At the crux of any guarantee to keep the Wolves in Minnesota would be how long that guarantee would last or how harsh the financial penalty would be for breaking it. Ham said any kind of agreement that makes outlandish demands, like a 30-year promise to keep the team in Minnesota, might not make it past league approval, which requires a $1 million fee just to apply, he said.

“The league itself has to approve all this,” Ham said. “So if you have a ridiculous contract, they’re just going to tell you: ‘We’re not approving this stuff.’

“If there’s something in there that says the applicant shall not apply to remove the team from the city or the state or whatever for a year or something like that, you might try to get that to fly. I don’t see anything in the bylaws that says you couldn’t have that in the contract, but the NBA itself might say, ‘We don’t like it.’ ”

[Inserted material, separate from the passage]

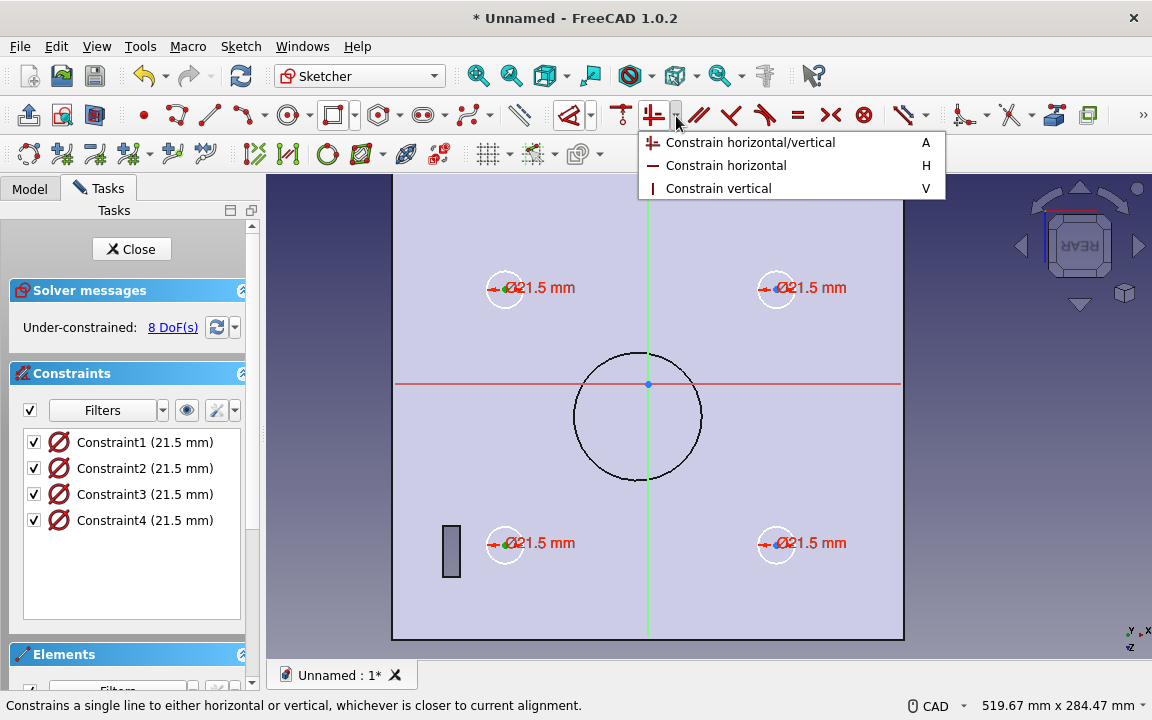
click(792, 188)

The same could apply to a court, which could rule that restrictions might be too stringent to the business’ ability to operate as the owners see fit. For instance, if the economy in Minneapolis or the state tanks and a move would make financial sense for the league or owners, a court could rule any previous agreement to not move the team would be too harmful to the overall business.

To Scott Andresen, a sports law attorney and professor at Northwestern, promises from an owner pledging to keep the team in a city despite selling it can amount to a public-relations ploy. Any sale that includes these restrictions can become a headache for the buyer — especially if unforeseen circumstances, such as issues with an arena, arise in years following a sale.

“You buy yourself a whole lot of headaches …” Andresen said. “But you could do it. A guy is selling the team, wants to leave some sort of positive legacy in the community and doesn’t want to be seen as the guy who sold the team, and next thing you know they’re doing the Baltimore Colts move out in the middle of the night.”

Taylor, who also owns the Star Tribune, said he views the Wolves as a “state asset” and feels he owes it to Minnesota to keep the team here. But by not opening the Wolves up for relocation, he is limiting his pool of potential buyers and lowering the purchasing price. In other words, Taylor’s loyalty will cost him money.

“There’s not a lot of guys who can write a check for that much money,” Andresen said.

Andresen said one way of executing what Taylor wants could be to sell to a buyer for a certain price, hold some of the money in abeyance, and give that back to the buyer if the team is still in Minnesota after a certain number of years.

“That’s one way to do it, basically saying we’re going to give you a discount,” Andresen said.

There could also be a more direct financial penalty for moving the team, where the new owners would agree to pay a sum of money if they relocate.

But if that happens, how much would it take to prevent a new owner from making a business decision to pay that penalty and move the team in hopes of growing the value of the franchise in another market?

If you set that price too high, or set too long a time limit on a buyer’s ability to move the franchise, would the NBA see the deal as unreasonable and reject it? Would it hold up as fair and enforceable in a court? What happens if the new owners want to resell the team? Would the subsequent owners be bound by the same caveats?

“If there’s something underhanded going on to injure competition — there’s always some risk somebody might raise that, too,” Ham said. “It’s an interesting question: How far can you push the envelope with these things?”

That’s the fine line it seems Taylor and any new buyer must walk.